Tuesday, October 03, 2006

A History of Violence

Until about a week ago, my exposure to the world of 'graphic novels' was limited to a single solitary viewing of the excellent 'Sin City'. Recently however, it seems any film I watch has a chance of being adapted from this shady source material... now, I may have been generalising in my 'V for Vendetta' review when I claimed that graphic novels were weightier than comic books, with more adult themes of emotional resonance, but after a viewing of 'A History of Violence', also sourced from a graphic novel, I'm not going to be changing my mind any time soon!

Laden with strong performances from all the central players, and some excellent supporting turns from Ed Harris and William Hurt, 'A History of Violence' is a tale of a man's identity, and his struggle with the truth of his origins. It asks important questions: "is a person defined by their past?" "can people change?" "is the truth always important?" "is it better to fight or flee?". This is not the stuff of Superman Returns...

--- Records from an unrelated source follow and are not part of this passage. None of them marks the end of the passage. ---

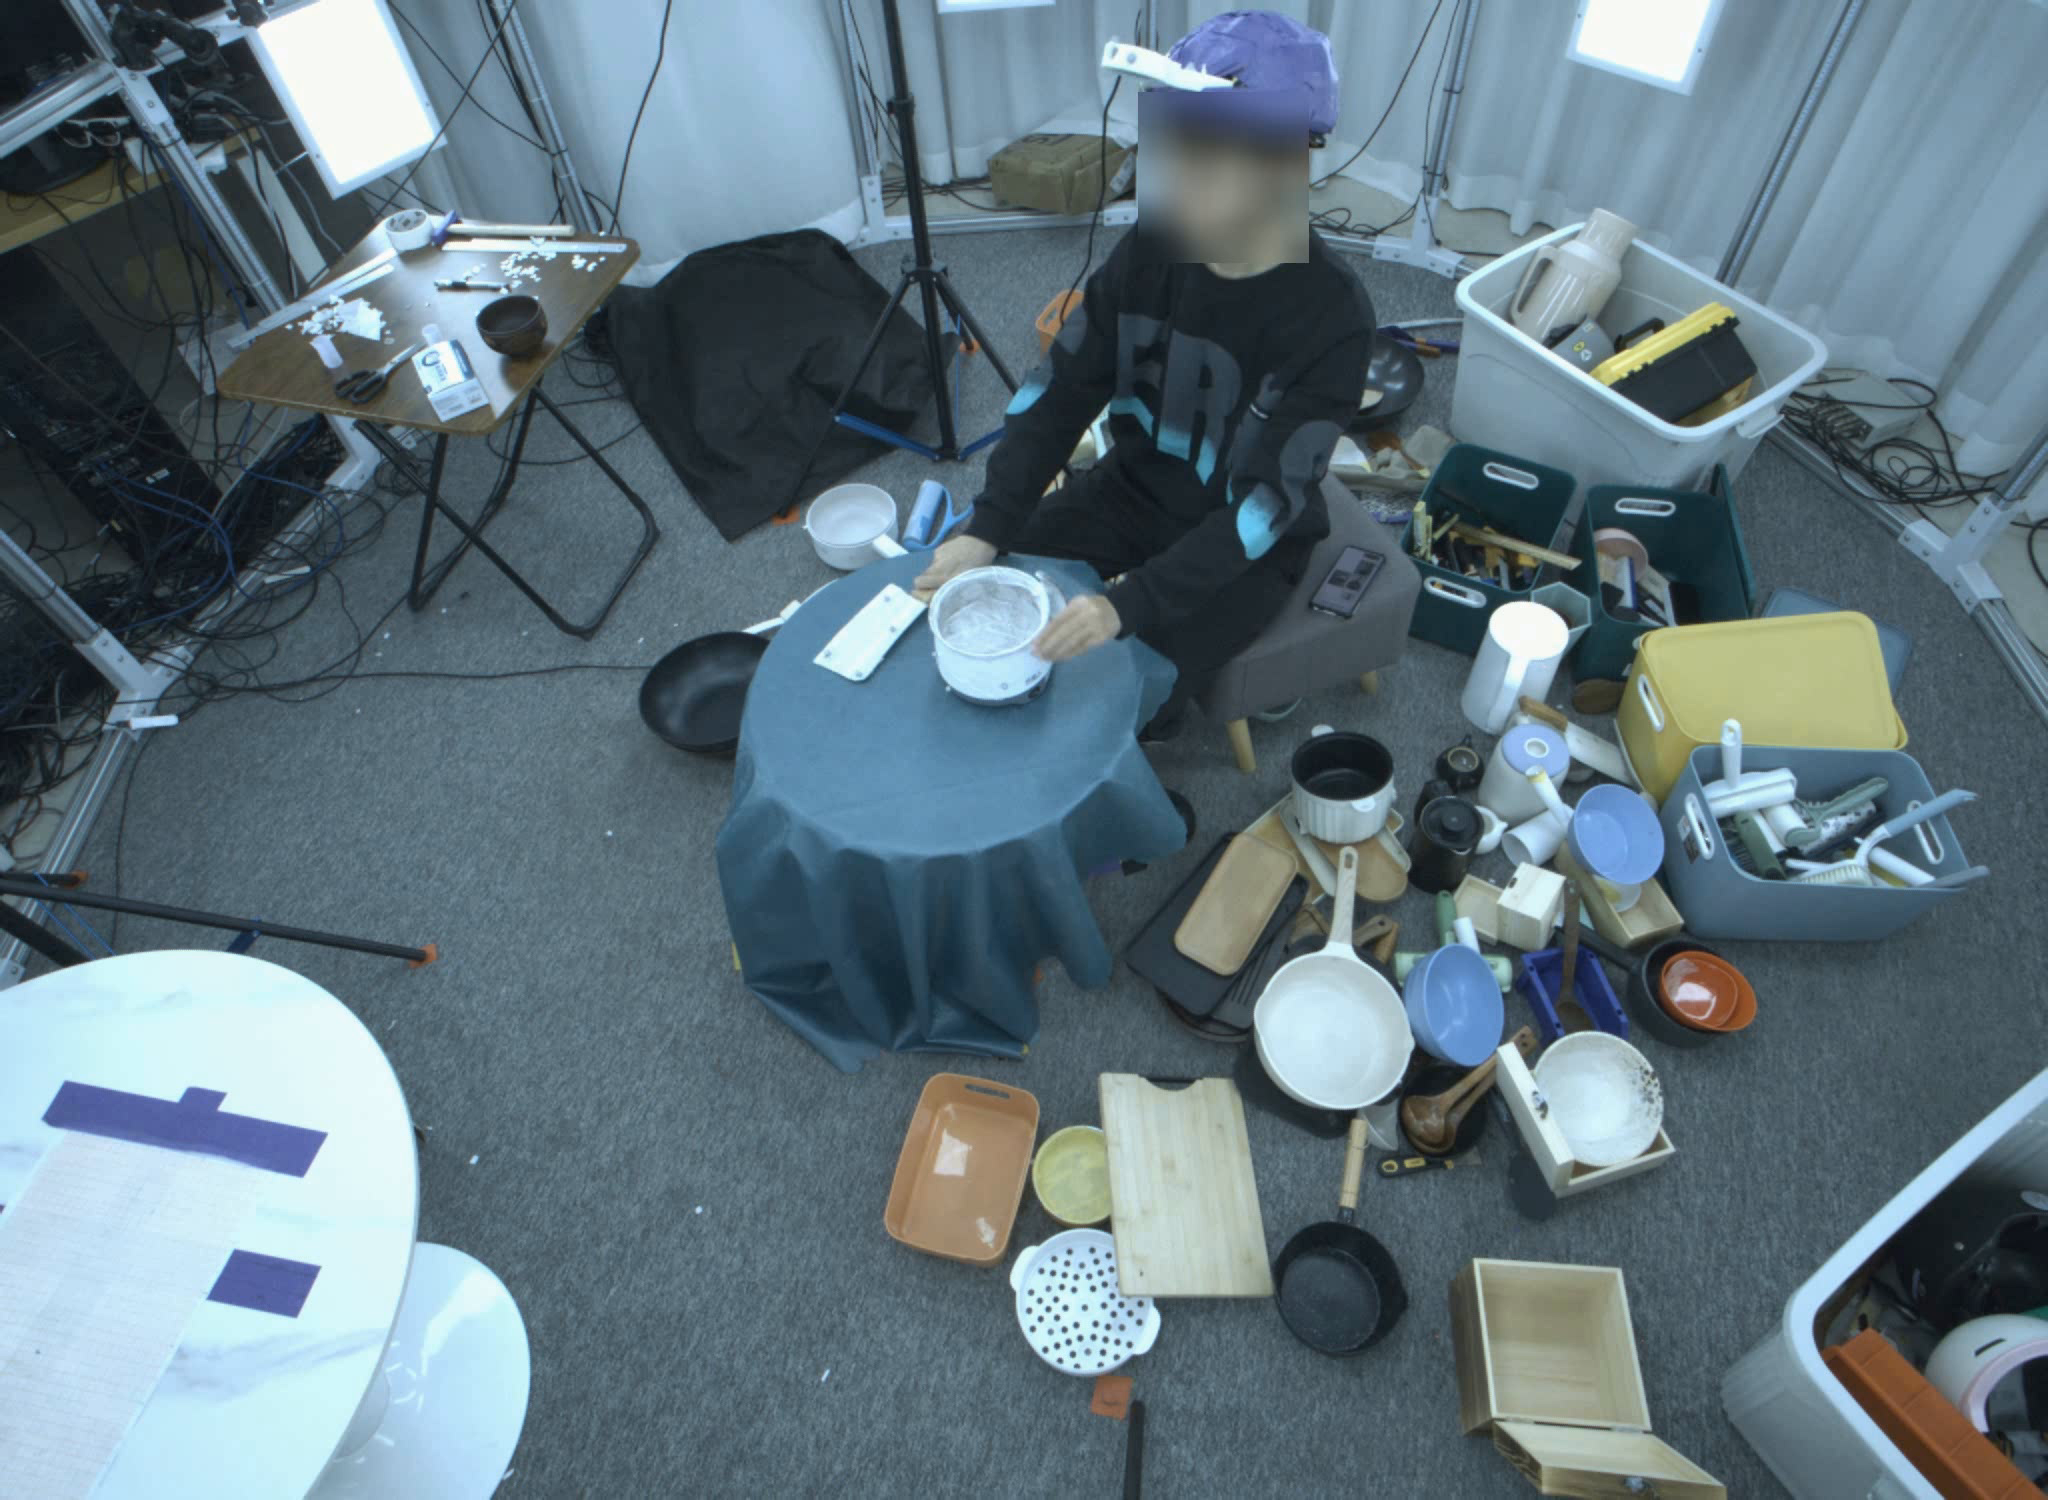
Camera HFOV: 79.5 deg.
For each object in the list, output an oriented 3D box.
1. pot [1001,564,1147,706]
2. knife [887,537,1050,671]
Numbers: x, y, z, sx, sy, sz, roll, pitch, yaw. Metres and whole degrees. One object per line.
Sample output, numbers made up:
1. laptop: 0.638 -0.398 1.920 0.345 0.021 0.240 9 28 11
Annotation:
1. pot: 0.083 -0.180 1.820 0.235 0.138 0.175 -36 61 -17
2. knife: -0.077 -0.233 1.931 0.317 0.022 0.111 -42 58 -18
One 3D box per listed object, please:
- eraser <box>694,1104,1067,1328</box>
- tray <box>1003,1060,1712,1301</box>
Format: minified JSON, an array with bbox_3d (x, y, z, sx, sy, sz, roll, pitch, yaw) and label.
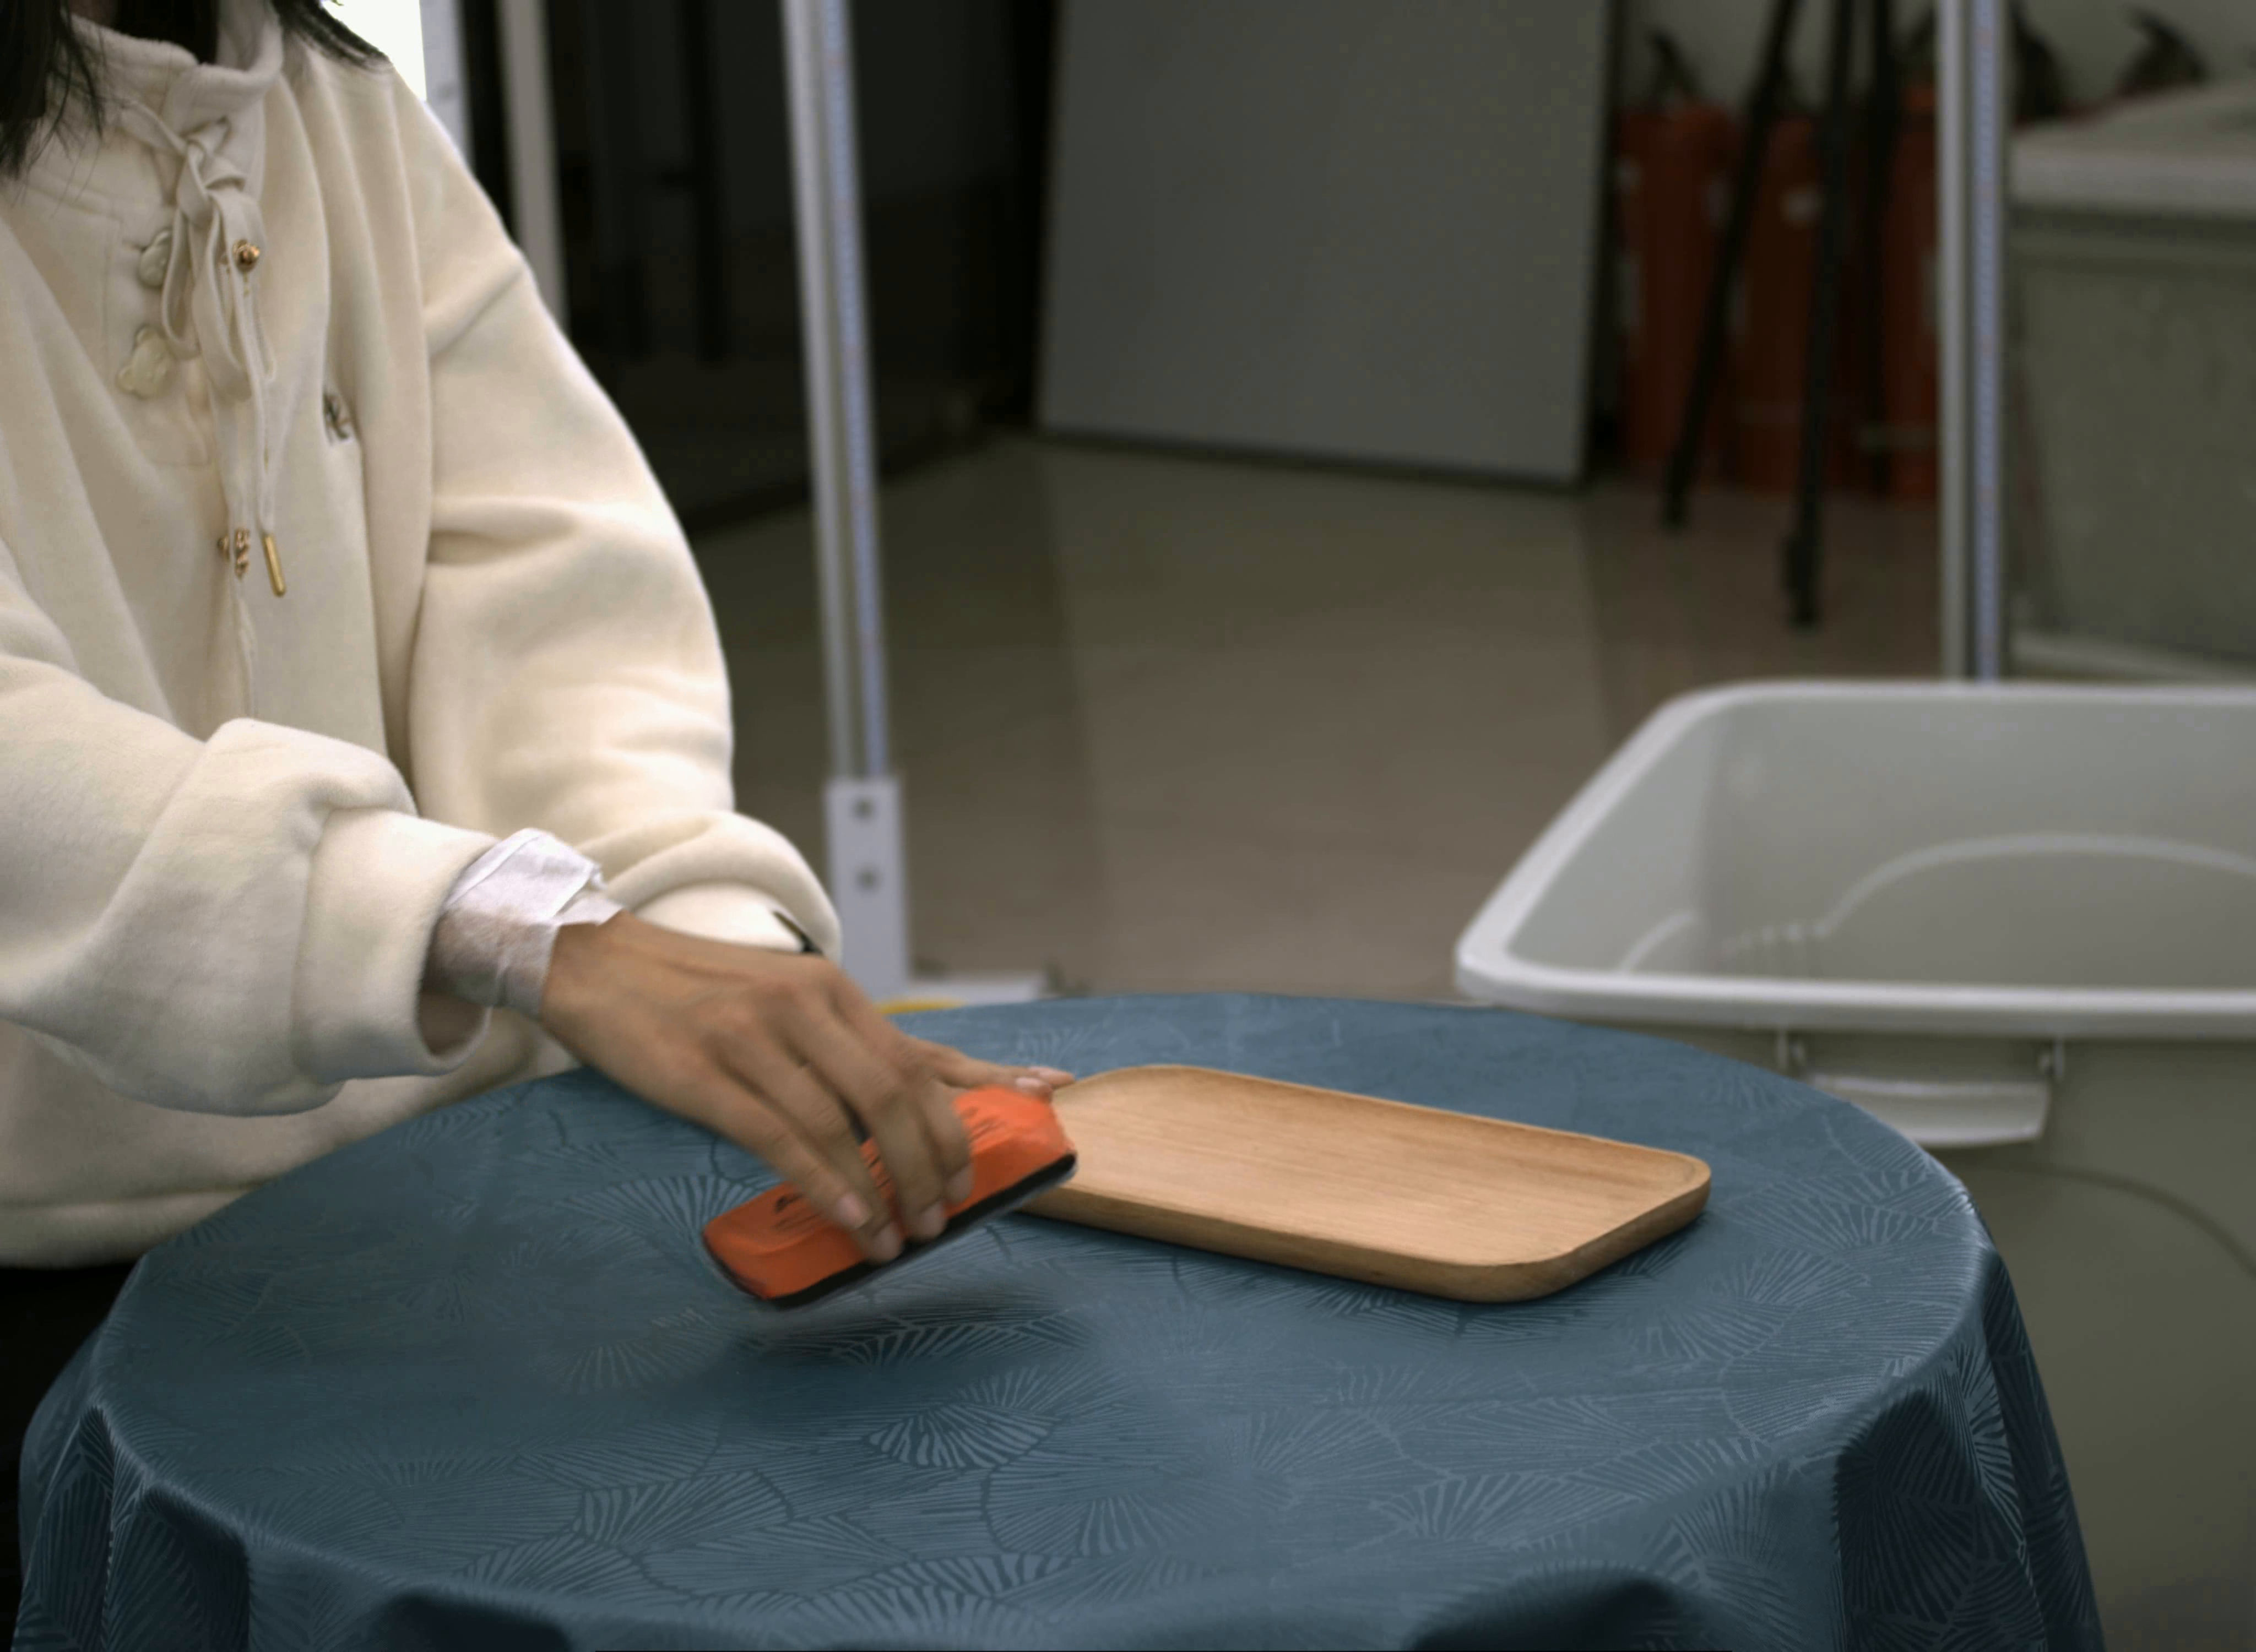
[{"bbox_3d":[-0.075,0.118,1.646,0.106,0.023,0.059,-25,15,-20],"label":"eraser"},{"bbox_3d":[0.062,0.113,1.745,0.253,0.023,0.128,8,15,41],"label":"tray"}]

Viggo Mortensen is believable as Tom Stall, the mild-mannered owner of a small town diner, who's family life is literally turned upside down by a random encounter with a couple of 'the bad men'. This encounter has a dramatic effect on Tom, and while Mortensen does okay with the very meaty role, I get the feeling that a better actor would have really devoured the material. This means that the real star turn in this one is from Maria Bello, playing Tom's serenely settled wife. Her world suddenly shifts and she is plunged into insecurity and doubt, but Bello manages to portray this transformation from peaceful calm to emotional turmoil in confident manner. One to watch.

Ed Harris is truly menacing in this one, and William Hurt has never been this evil! But that's the power of David Cronenberg, the man who wrote 'Videodrome' and directed 'Crash', (not the Sandra Bullock version) 'The Fly' and 'The Dead Zone'. This man has a body of work that could make you shiver, but he should not be mistaken simply for a purveyor of schlock monster movies - 'Existenz' alone should be evidence of this. If more evidence was needed however, it is on display in 'A History of Violence'.

Although I have a sneaky suspicion that directors adapt graphic novels because it saves them from boring storyboarding sessions, every shot in 'A History of Violence' is visually arresting. Vivid colours are used to great effect in this one, emphasizing the emotions on display in each scene, and at times effectively isolating the central character, reinforcing his predicament. Cronenberg has to take some credit for these techniques. Also, he manages to elicit performances from his cast which are generally quite balanced, and in many cases, exceptional.

I should also point out that in the midst of this soberly dramatic tale of a man struggling with his own identity, and coping with his wife and kids in the process, Cronenberg has stamped a 'A History of Violence' with some of his trademarks, which I would associate more readily with his earlier works. The violence, when it assaults the screen, is shocking and extreme. We are left in no doubt as to the trauma inflicted on it's victims, be they the ones on the receiving end, or simply witnesses, like ourselves. In addition, there are a number of sex scenes which by Hollywood standards would have to be called 'graphic'... and a couple of which, by anyone's standards, would be called 'kinky'! (I never saw a scene like that in Calvin and Hobbes)

On balance, 'A History of Violence' is worth watching. It looks great, it's a well acted story with a beginning, middle and an end. The characters are believable and the pace of the action, while at times sluggish, is generally well managed by Cronenberg. I imagine that this movie has raised his stock no end (enough to win him a Palme d'Or nomination) and it's going to be very interesting to see what he'll do next.

Verdict: Quality film-making. Above average, but not mind-blowing.